You might have already observed, that the function (Word number) -> Word is not the ideal candidate for caching. After all, we are not interested in the Word itself. We only need its hashcode. In light of this, this step uses LinkedHashMap, but with capacity 20 times larger than other caches. We can afford this size, because instead of long strings, we cache only simple integers.

Executing step: [LinkedHashMap(smart)]                                          
Finished step. Word source: Plain generator. Processor: Cached processor
Word source statistics: No statistics                                   
Processor statistics: Hit count: 11154589, miss count: 845411           
Speed: 448833.03 rows/sec                                               

As expected, this strategy enabled highest speed.

HashMap(soft)

This step is using a very unusual cache. It is again a simple unlimited HashMap, but referenced using Java’s SoftReference. Let’s execute it using -Xmx128m:

Executing step: [HashMap(soft)]                                                                                 
Cache has been garbage collected. Creating empty one.                                                           
Cache has been garbage collected. Creating empty one.                                                           
Cache has been garbage collected. Creating empty one.                                                           
Cache has been garbage collected. Creating empty one.                                                           
Cache has been garbage collected. Creating empty one.                                                           
Cache has been garbage collected. Creating empty one.                                                           
Cache has been garbage collected. Creating empty one.                                                           
-----------------------------------------------------------------------                                         
Finished step. Word source: Cached manually - HashMap - soft reference GC count: 7 . Processor: Simple processor
Word source statistics: Garbage collected: 7 times. Last cache statistics: Hit count: 360050, miss count: 122464
Speed: 172324.66 rows/sec                                                                                       

Usage of SoftReference allowed JVM to garbage collected the whole HashMap. When we found out, we simply created a new empty one. It happened 7 times and we still got a slightly better performance than with Guava or EhCache.

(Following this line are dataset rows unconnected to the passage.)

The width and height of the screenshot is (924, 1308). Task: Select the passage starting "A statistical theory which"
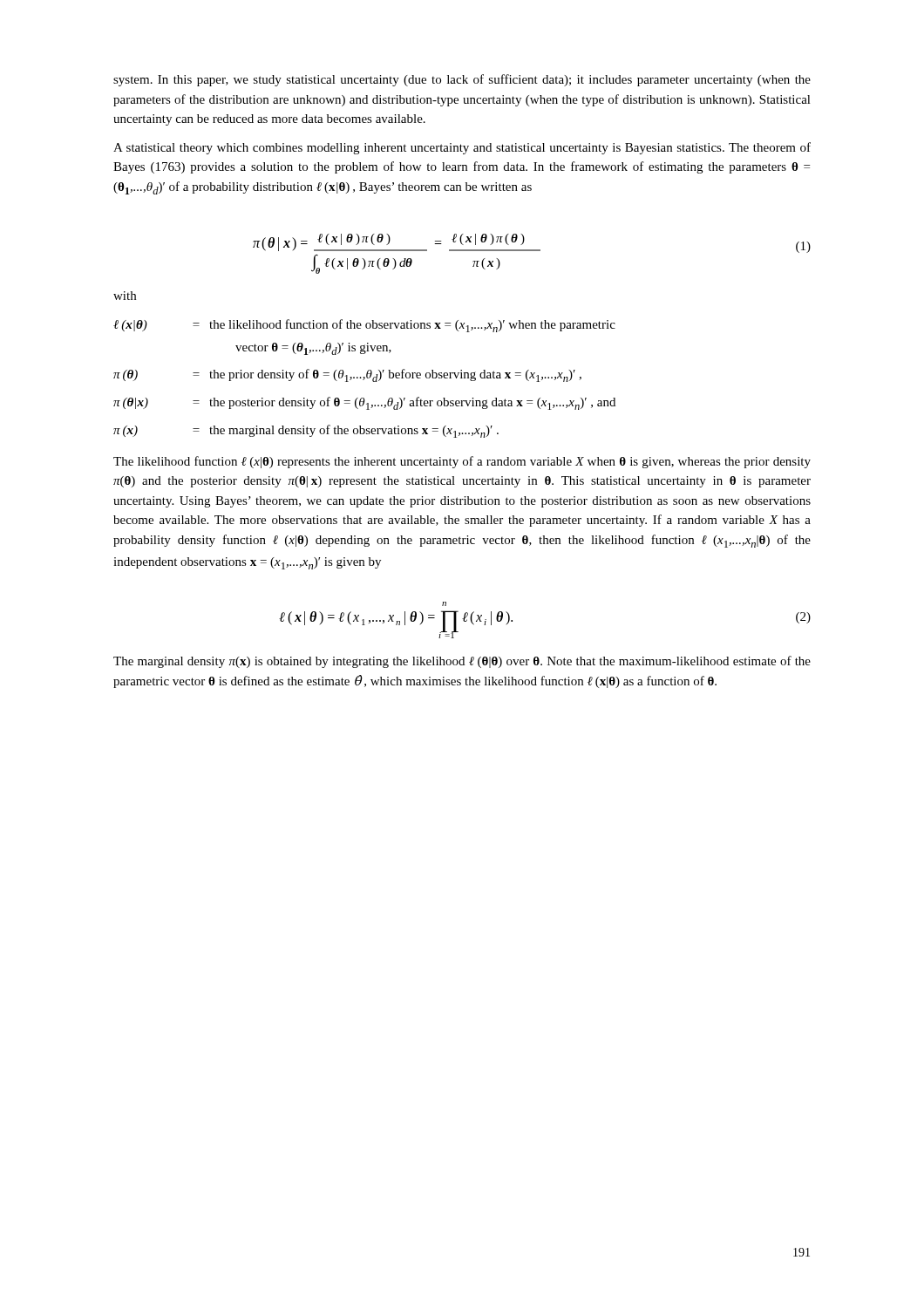(462, 168)
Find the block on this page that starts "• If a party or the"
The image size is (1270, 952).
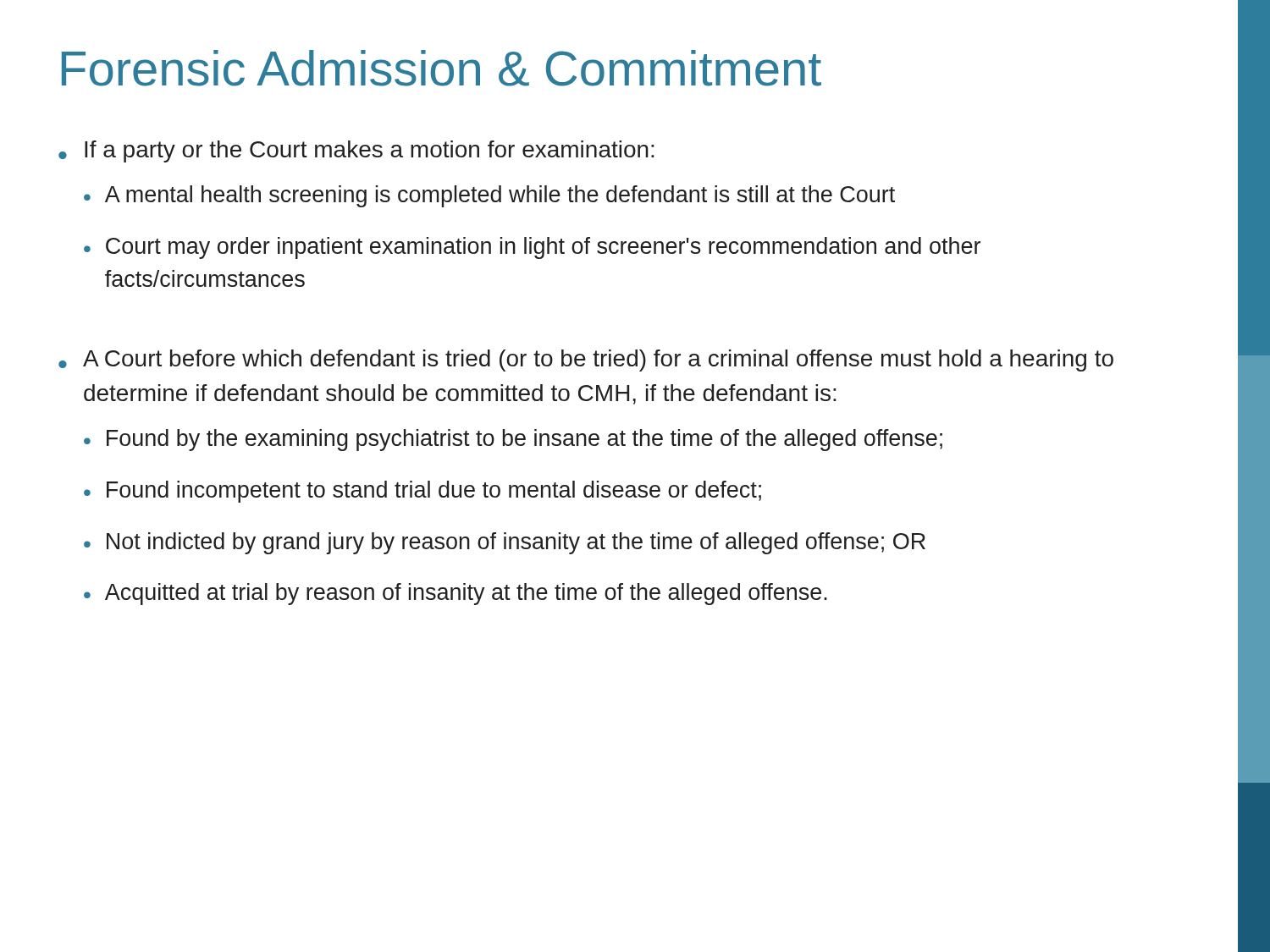tap(356, 151)
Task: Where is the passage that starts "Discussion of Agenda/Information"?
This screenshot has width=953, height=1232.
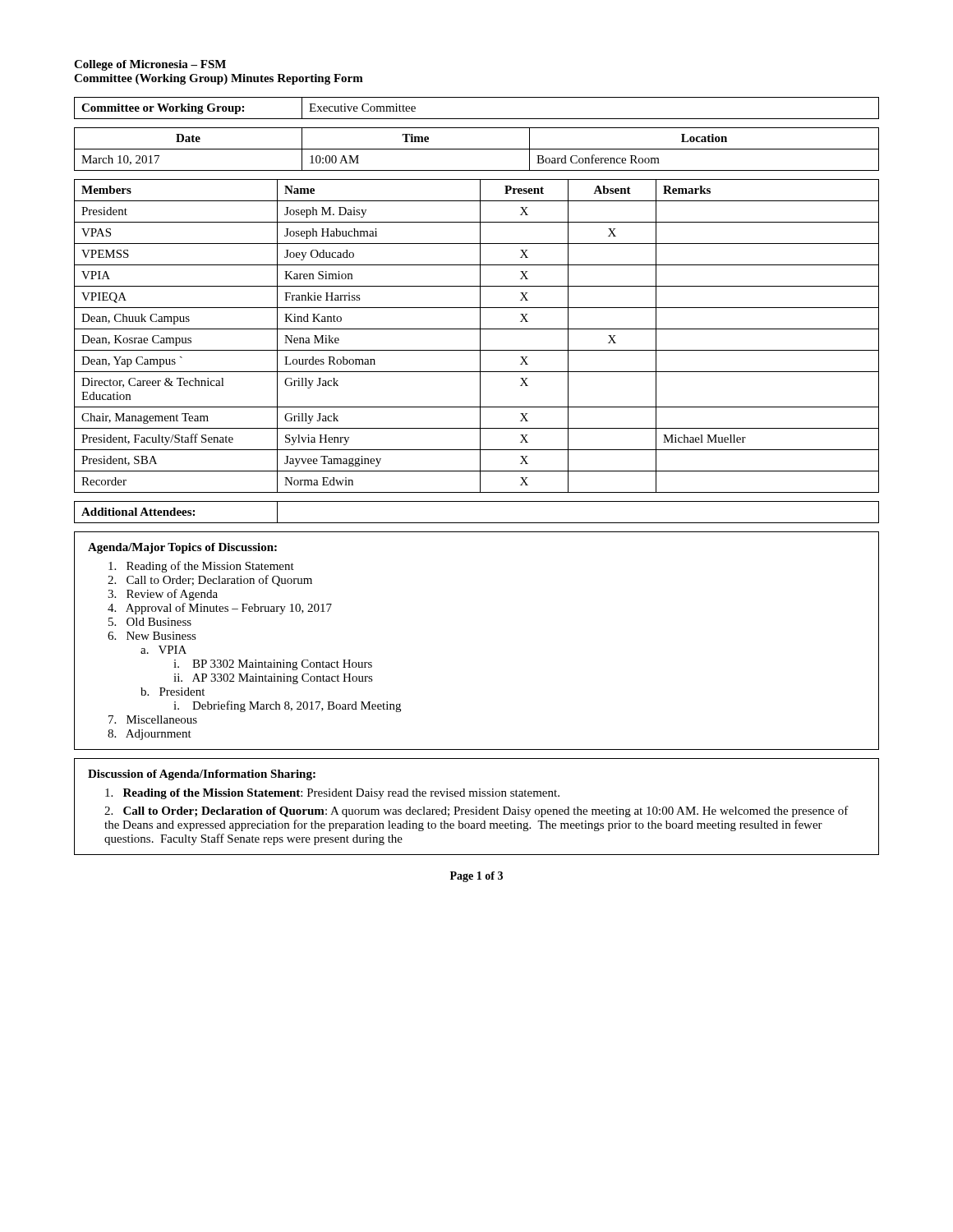Action: 476,807
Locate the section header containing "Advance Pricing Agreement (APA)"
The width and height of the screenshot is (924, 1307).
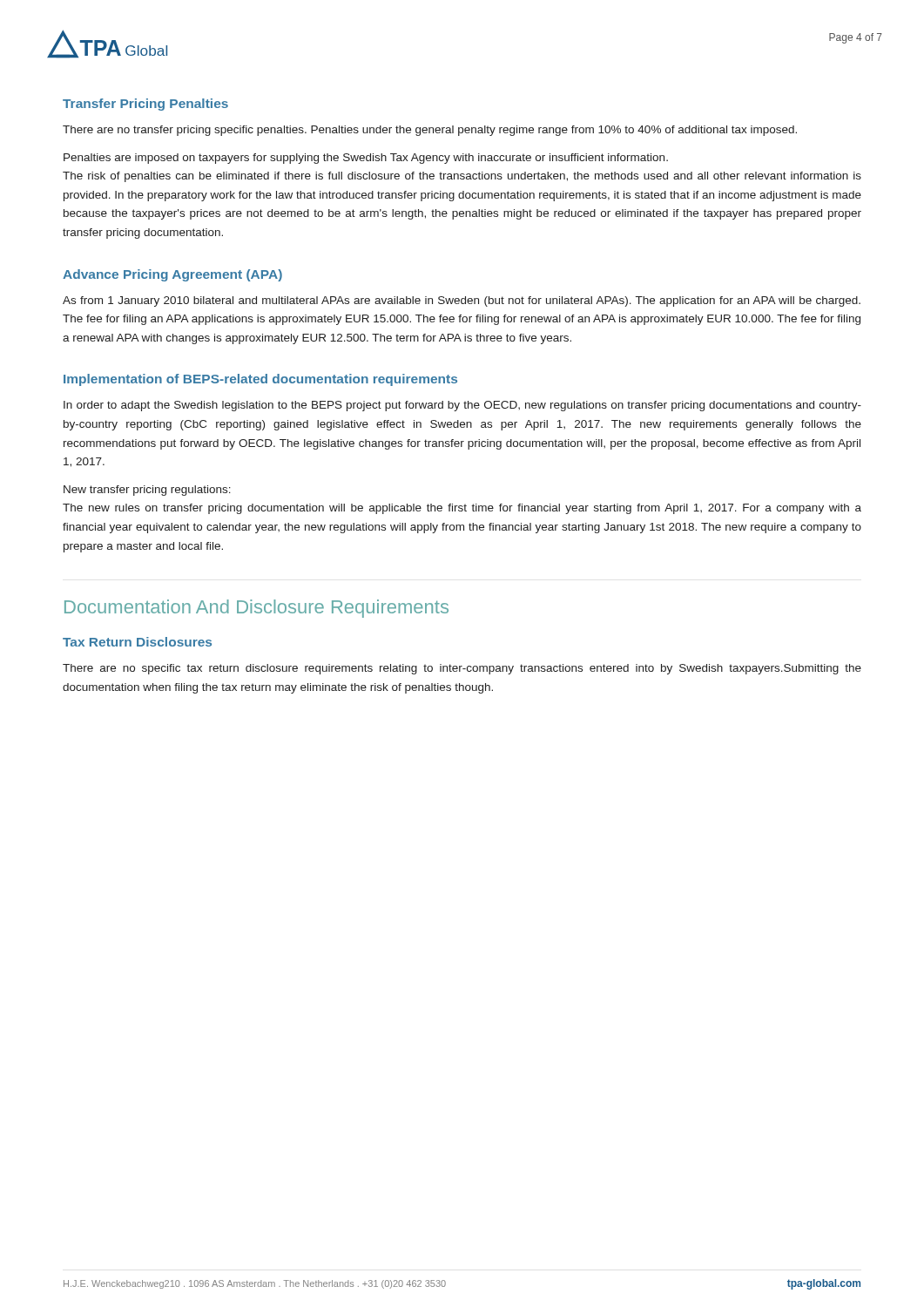click(x=173, y=274)

We used this strategy frequently, mostly for defensive reasons. As already mentioned, an OOME crashed whole infrastructure and this was the way how to prevent it. We made educated guesses on how large caches we could afford and we adjusted these estimates further during runtime.

You might ask yourself, why not wrap every value in a separate soft reference. Java comes with a WeakHashMap but not with a SoftHashMap. Guava’s CacheBuilder comes with option for soft values. This approach is not recommended for our use case. A huge number of soft references comes with performance hits. It is therefor preferable to soft reference whole segments of cache or the whole cache itself.

Conclusion

We explored a type of batch application, which processes a huge number of very small input records. We showed, that the most efficient caching can be achieved by avoiding any kinds of AOP proxies and by avoiding reflection based key generation.

In scenarios, where input data is transformed several times, it is advisable to put cache around function compositions, which have smallest possible key sizes and smallest possible value sizes.

If size of caches cannot be determined exactly to prevent OOME errros, than caches referenced via soft references represent a useful defensive mechanism.